The OOTB platform uses containerization techniques to run several simulations in parallel where each simulation takes certain amount of available resources and time to complete. It is important to demarcate or halt simulations that take longer durations and more resources to complete than usual as they hinder performing parallel simulations.
This project provides a solution to overcome this problem by training a Machine learning model and using it to predict the resources prior to the simulation and give an estimate to the user about the network resource utilization.
Install
This project requires Python and the following Python libraries installed:
You will also need to have software installed to run and execute a Jupyter Notebook. If you do not have Python installed yet, it is highly recommended that you run and execute on Google Colab, which already has the above packages and more included.
Data
The data used for building the model in this project is obtained by performing simulations on OOTB tool. Once the required number of simulations are performed the user can also get these simulation results from the ‘Collect Simulation Data’ tab in the OOTB in JSON format. And the required data related to the simulation parameters can be extracted using the JSONExtraction.ipynb
The dataset used for the training the models in this project is available in the root/Dataset folder
Features
- Number of Nodes
- Data Generation Interval
- Data Size in bytes
- Constraint Area X
- Constraint Area Y
- Locations
- Hosts
- Maximum Cache Size
- Forwarding Layer
- Application Layer
Targets
- Peak Disk Usage
- Peak RAM Used in Simulation
- Peak RAM Used in Results parsing
- Total Job Time Taken
Models
Random Forest Regression Random Forest is an ensemble learning technique that involves creation of several individual decision trees in parallel and averaging the results of each tree which eventually results in a more powerful predictive model.
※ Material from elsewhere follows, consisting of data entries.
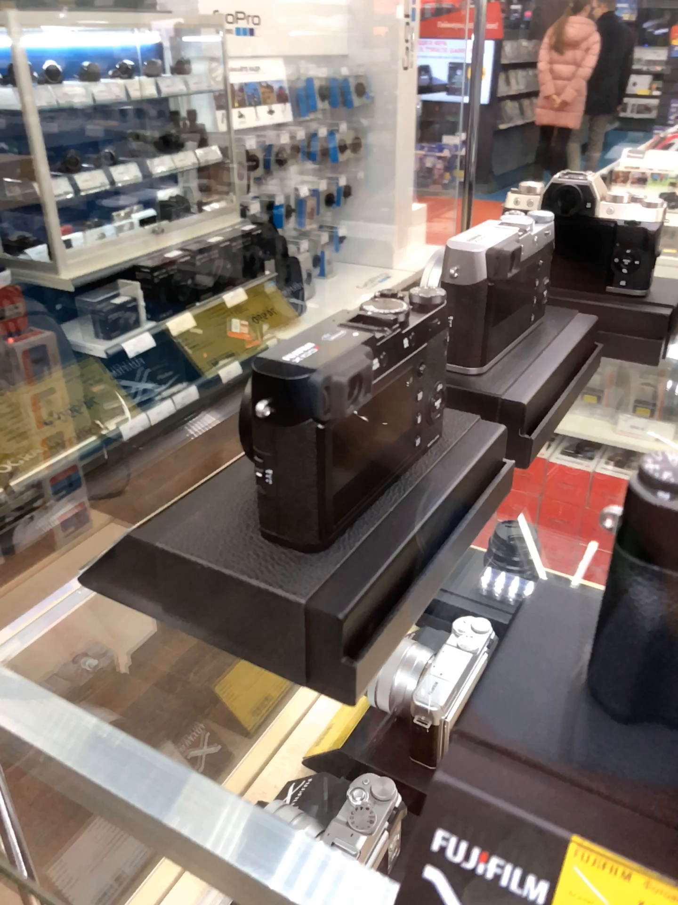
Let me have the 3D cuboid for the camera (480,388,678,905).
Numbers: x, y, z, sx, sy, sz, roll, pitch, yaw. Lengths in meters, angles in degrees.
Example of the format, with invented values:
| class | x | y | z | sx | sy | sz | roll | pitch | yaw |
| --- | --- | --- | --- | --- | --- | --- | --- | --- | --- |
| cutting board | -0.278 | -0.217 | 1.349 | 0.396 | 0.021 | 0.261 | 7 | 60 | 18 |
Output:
| class | x | y | z | sx | sy | sz | roll | pitch | yaw |
| --- | --- | --- | --- | --- | --- | --- | --- | --- | --- |
| camera | 0.116 | 0.054 | 0.167 | 0.131 | 0.080 | 0.104 | 16 | 32 | 26 |

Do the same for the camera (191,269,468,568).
| class | x | y | z | sx | sy | sz | roll | pitch | yaw |
| --- | --- | --- | --- | --- | --- | --- | --- | --- | --- |
| camera | 0.003 | -0.024 | 0.323 | 0.054 | 0.075 | 0.131 | 15 | 32 | 26 |

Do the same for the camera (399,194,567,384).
| class | x | y | z | sx | sy | sz | roll | pitch | yaw |
| --- | --- | --- | --- | --- | --- | --- | --- | --- | --- |
| camera | 0.093 | -0.108 | 0.469 | 0.054 | 0.080 | 0.131 | 15 | 32 | 26 |
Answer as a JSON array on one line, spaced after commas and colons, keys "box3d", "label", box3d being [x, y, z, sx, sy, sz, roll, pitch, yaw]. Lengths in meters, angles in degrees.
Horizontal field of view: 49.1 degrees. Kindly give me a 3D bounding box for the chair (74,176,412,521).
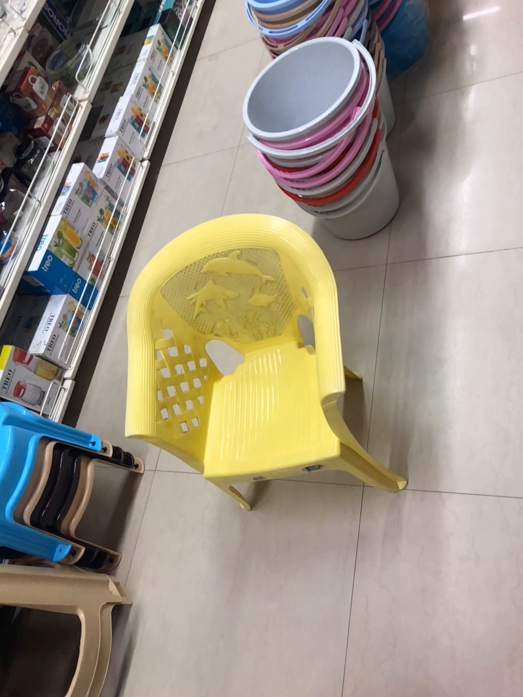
[{"box3d": [-0.014, 0.040, 1.142, 0.471, 0.398, 0.472, -14, 57, 24], "label": "chair"}]
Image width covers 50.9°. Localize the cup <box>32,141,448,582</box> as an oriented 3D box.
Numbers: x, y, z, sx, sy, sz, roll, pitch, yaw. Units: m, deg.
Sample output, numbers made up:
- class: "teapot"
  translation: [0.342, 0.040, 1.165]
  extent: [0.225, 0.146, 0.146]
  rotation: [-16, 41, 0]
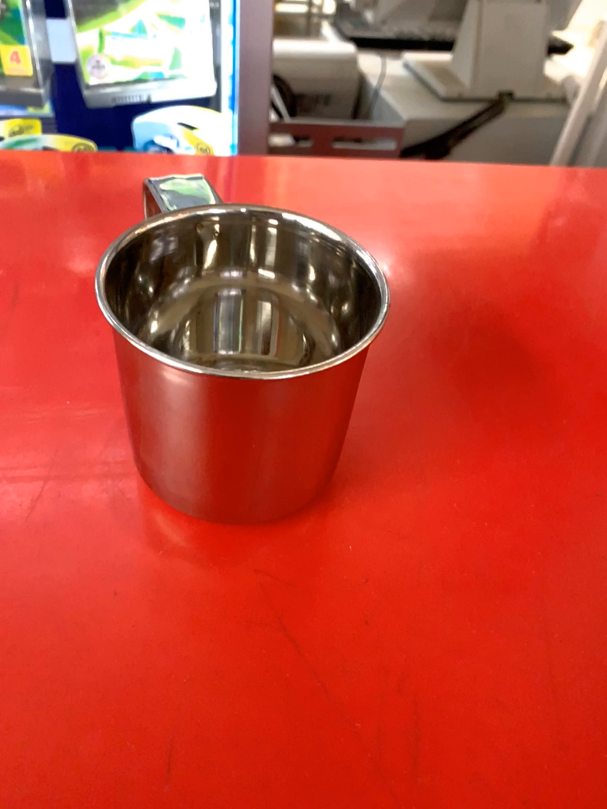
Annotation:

eXtreme Gradient Boost Regression Extreme Gradient Boosting (XGBoost) is an open source library with an efficient and scalable implementation of the gradient boosting framework. It is an ensemble boosting technique that involves building multiple individual base learners sequentially and combines them to obtain more accurate and powerful predictive model.
Run
Once after the dataset is built we performed one-hot encoding for the categorical features and standardization to bring the features under same scale and center their mean values. Both the models can be executed through the colab links provided in the respective models in the root/Source_Code folder.
All the evaluation graphs and results are available in root/Results/Evaluation Graphs folder
Project Summary
In this work, we've taken few of the simulations parameters i.e., 10 as features for predicitng 4 target variables. And the range of values for the parameter 'NumNodes' are from 10 to 1000. Considering the variablity and size of the dataset available we went with tree based algorithms for building the predictive models and the results obtained were satisfactory inspite of having some imbalances in the dataset.
The work can be extended by incorporating more parameters as features and implementing through complex models like neural networks. The size of dataset can be increased which helps in figuring out more complex patterns in the data.